The doctor isn’t helping and I turn and stare out the window, watching the trees flash by in the hopes it will numb my brain out with mindless mesmerizing images flashing on by, the light fading with every minute we drive and Sierra is still as immobile and silent as she was.
I need to swallow this, bite the bullet and do it. Like ripping off a band aid, and not sitting pondering and building the moment into something worse. He’s out there, doing god knows what, and the sooner I link him, or even see if I can, the sooner we can figure this out and head for a safe place and all of this no longer rests on my shoulders alone. Some control of this situation, someone else to make the decisions, and I hope to god I’m not being a fool and putting my faith in Colton, only to have him deliver us back to Juan’s hands. I truly believe in my heart, despite everything that’s happened between us, Colton will come through for me. For us.
This isn’t about marking, or obeying the alpha and respecting the laws, this is about his mom and intervening in something bigger than the rules of the packs. This is about betrayal, and what his father has done, and I literally have no idea about how I’m going to tell him. Once he knows, it’ll hurt him the way it hurt me, irreversibly, and I have no idea how he’s going to react. It’s not the kind of thing you can just rock up in his head and say, hey… I have your mom here, and your dad killed everyone I love, do you want to hang out.

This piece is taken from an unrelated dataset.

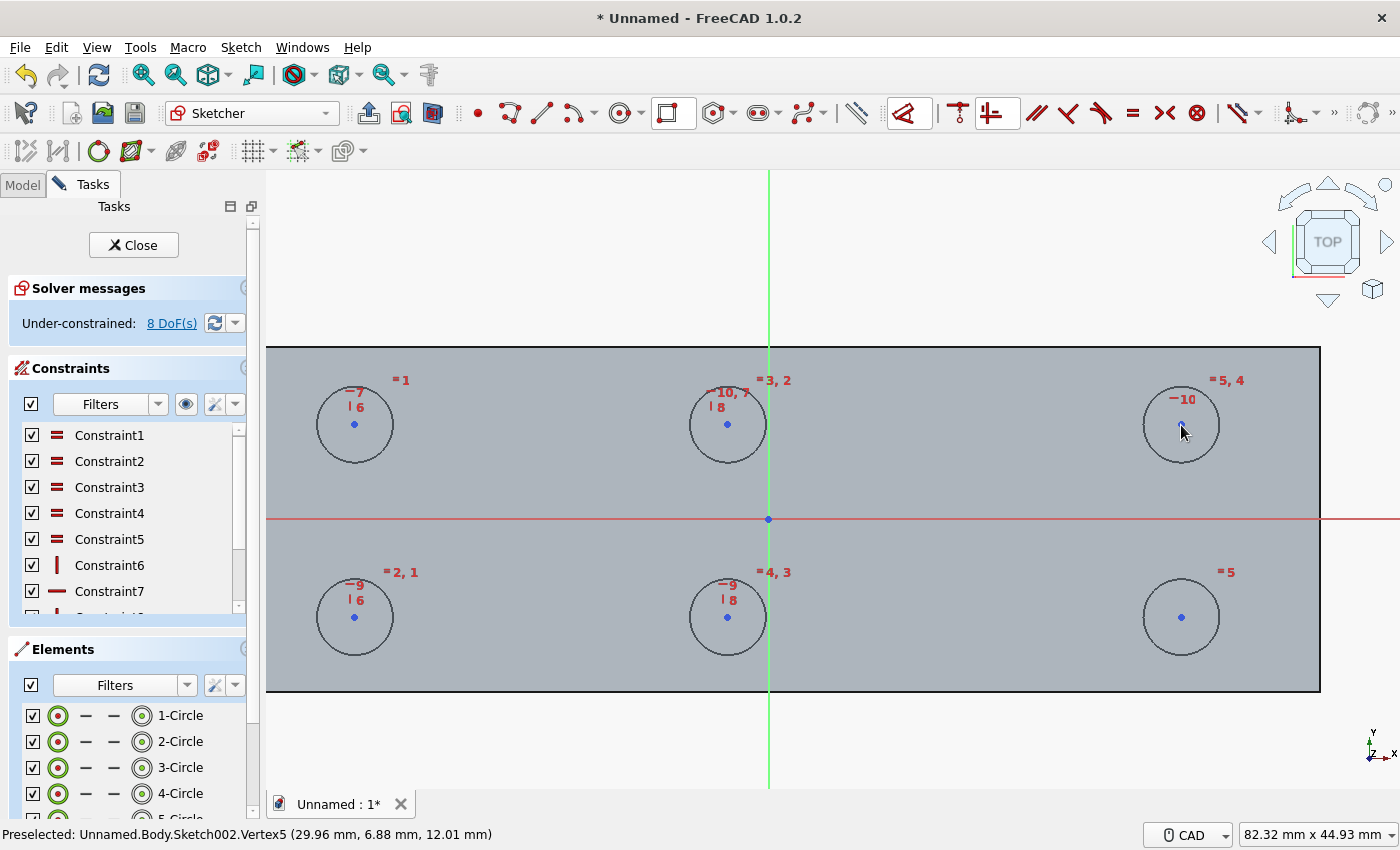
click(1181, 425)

How do I tell him about the bigger picture, about my family, the prophecy, the way Sierra was kept and has nothing mentally wrong with her? How do I fit all that in without having some sort of mental freak out, while in a head link with a guy you have been so afraid of linking because of the unbearable pain he can inflict on you? I didn’t only blank him out because I left, and we were done. I closed the door because I couldn’t handle ever being able to link him again and hearing that familiar voice inside of me. That soothing, husky, melody, that can find its way deep down into the most intimate parts of me and warms me from within in the most basic ways. No one will ever be able to make me feel things the way he does, and he has so much power over me, even with his words, at any distance.

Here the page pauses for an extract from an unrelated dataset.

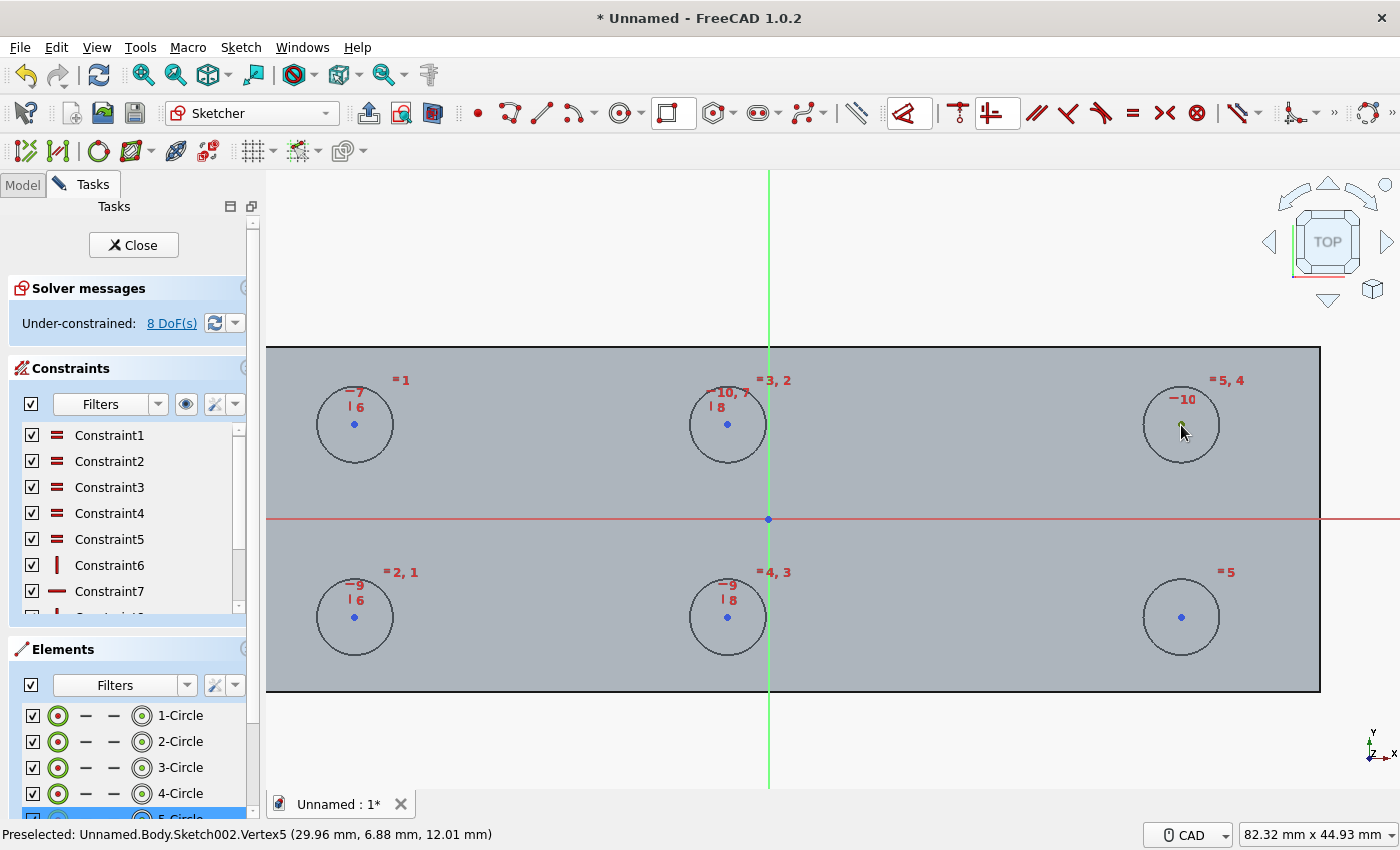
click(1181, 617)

Stop Alora. This is bigger than a broken heart. Colton will help, and you’re just stalling.
I catch the doc looking at me, eyes glancing from dark rough road to me, bouncing along this track, and back again, but he says nothing. I think he’s checking on my mental and emotional state and I need to get this over and done with. Stop wussing out, getting over dramatic with my female tear fest, and man up.

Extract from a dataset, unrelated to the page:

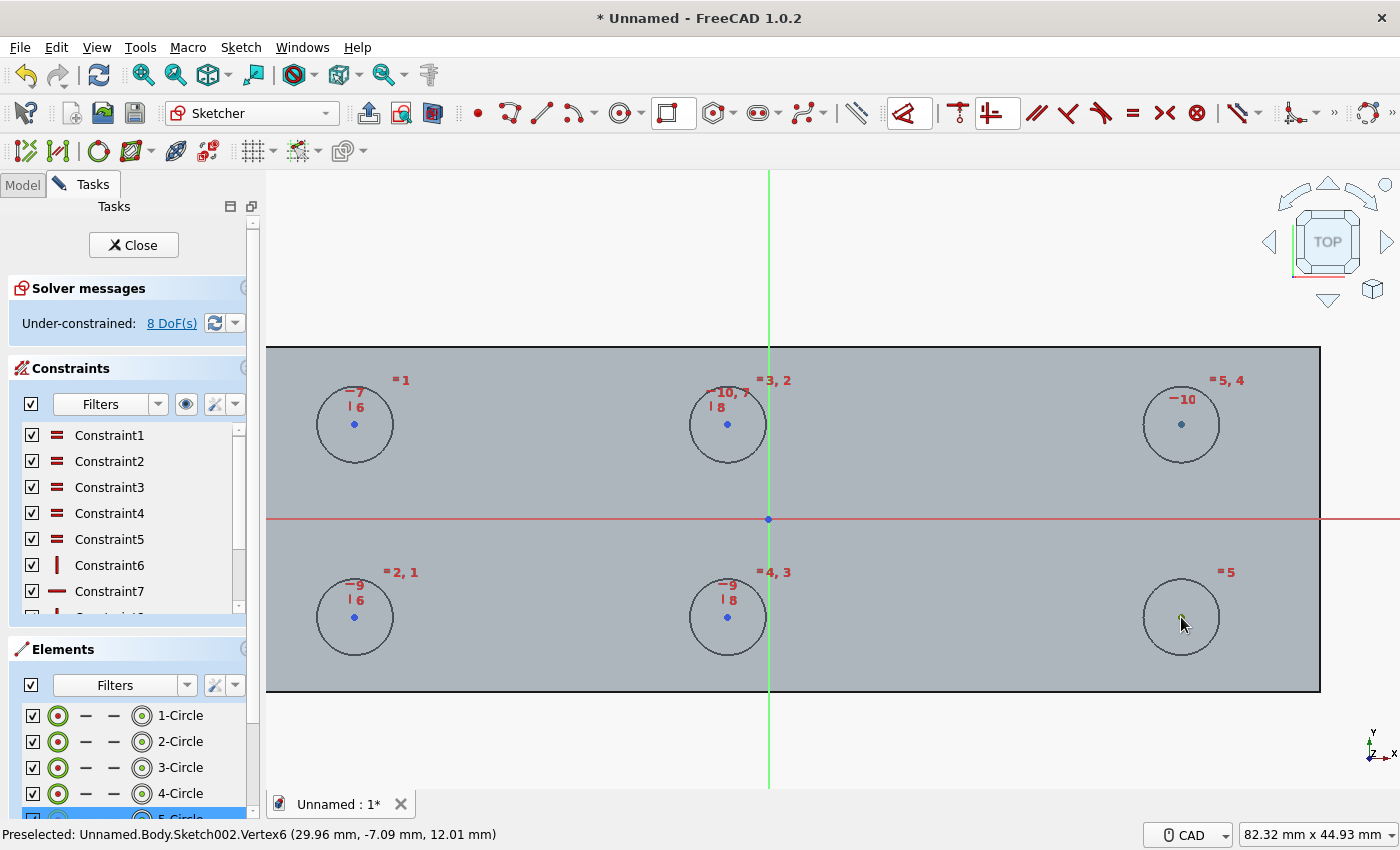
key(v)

I inhale, sit up as though that makes any difference and push my forehead against the glass of my side window. Fixing my eyes on nothing at all and drumming up the courage I so badly need. My insides immediately start tying themselves in knots, my stomach cramping with the tension, and I swallow the apprehensive nausea as best I can. I let my breath out slowly, misting the window with the heat and condensation of the cold dark glass, and draw a heart absentmindedly in the steamy patch before rubbing it out and frowning at my own stupid reflection. Now or never! Rip it off, bite the bullet. Be strong.
I know if I stall, I might lose my nerve completely. I screw my eyes tight shut, conjure up a darkness to clear my brain and mentally slide open that heavy locked door I put between us so many weeks ago. Afraid of the sudden precipice I need to step off and I throw it out there in the hopes he’s listening.
Colton? Are you there? I need your help.